Guggenheim Securities analyst Michael Morris raised his revenue estimates and stock price target for Netflix by $25 to $595. “We believe the announced increase was included in management guidance for the fourth quarter and note that our revised estimates remain generally in-line with that guide,” he wrote in a Friday report.
“Our prior forecast assumed periodic price increases averaging about 5 percent annually, though timing of specific changes can surprise,” he continued. “We previously had forecast a domestic price increase in the first half of 2021 rather than in the fourth quarter of 2020.”
Piper Sandler’s Yung Kim, who has an “overweight” rating on Netflix’s stock, also raised his price target to $643 from $630 after the price increase.
Meanshwile, Evercore ISI’s Lee Horowitz maintained his “in line” rating on the stock with a $425 target price. “We had expected this news and had already been modeling in a U.S. price increase though the details are slightly different than our prior assumptions,” he said. “We had been modeling in a $0.50 increase in basic pricing and a $1.50 increase in premium pricing.”

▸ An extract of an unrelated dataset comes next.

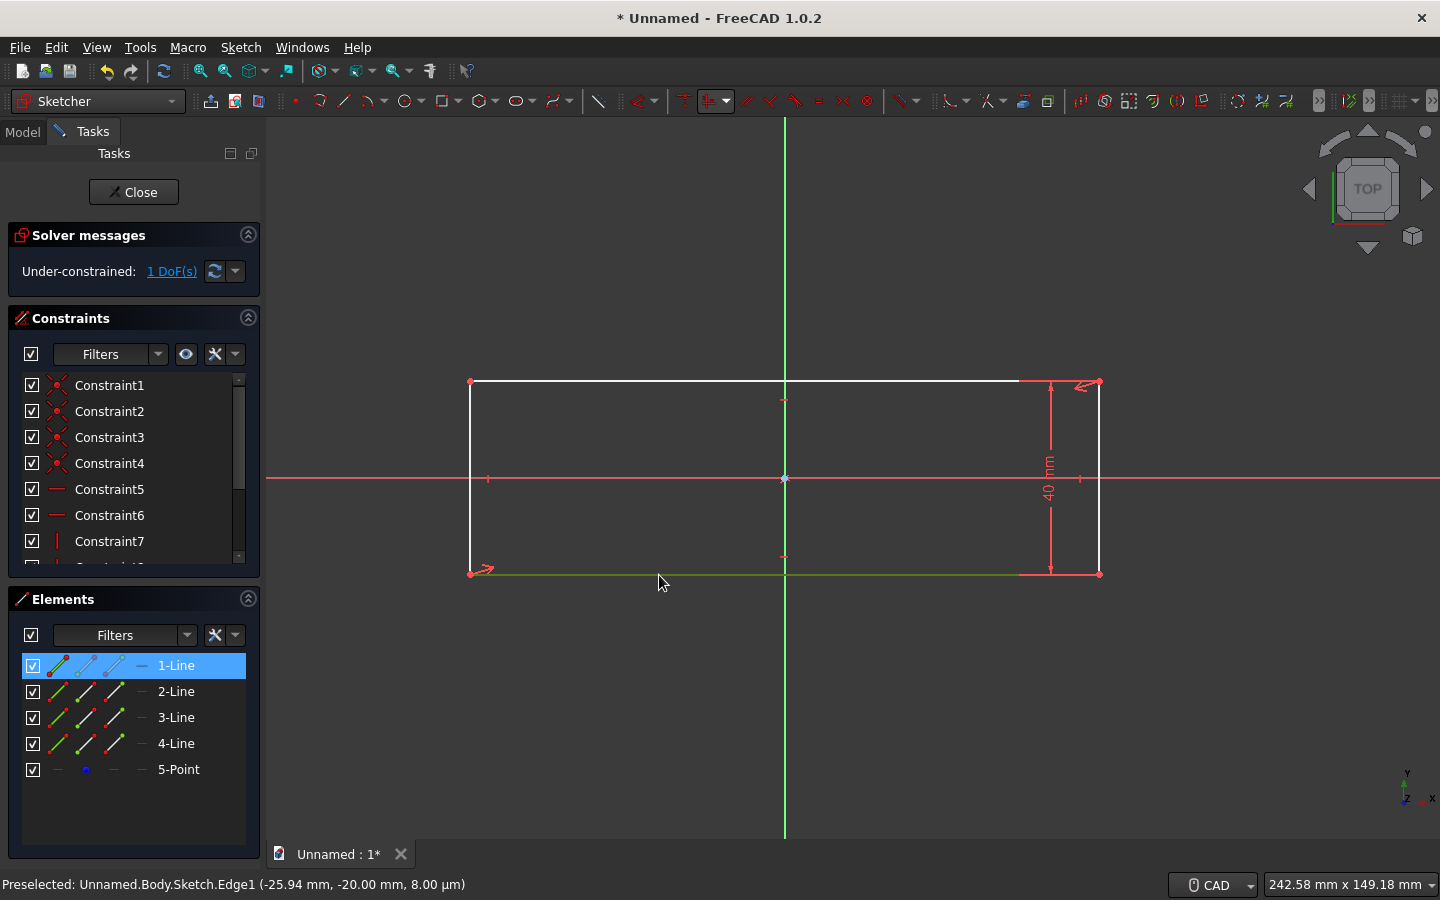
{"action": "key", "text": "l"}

He also argued that the stock shouldn’t gain on the news. “With shares trading up around 5 percent on this news, we believe the strength is unwarranted, particularly after the company announced an almost identical price increase in Canada earlier this month, suggesting the U.S. increase was likely already included in most investors’ expectations around the 2021 revenue outlook,” the analyst explained.
But Wedbush Securities analyst Michael Pachter remains bearish. “It looks to me like they risk having domestic subscribers decline this quarter,” he tells THR. “I think it is a foolish move, investors think it’s bold.” And he adds: “Yes, it adds $60 million a month to revenue, but if they lose a few million subscribers and grow more slowly, their [stock price] multiple will compress.”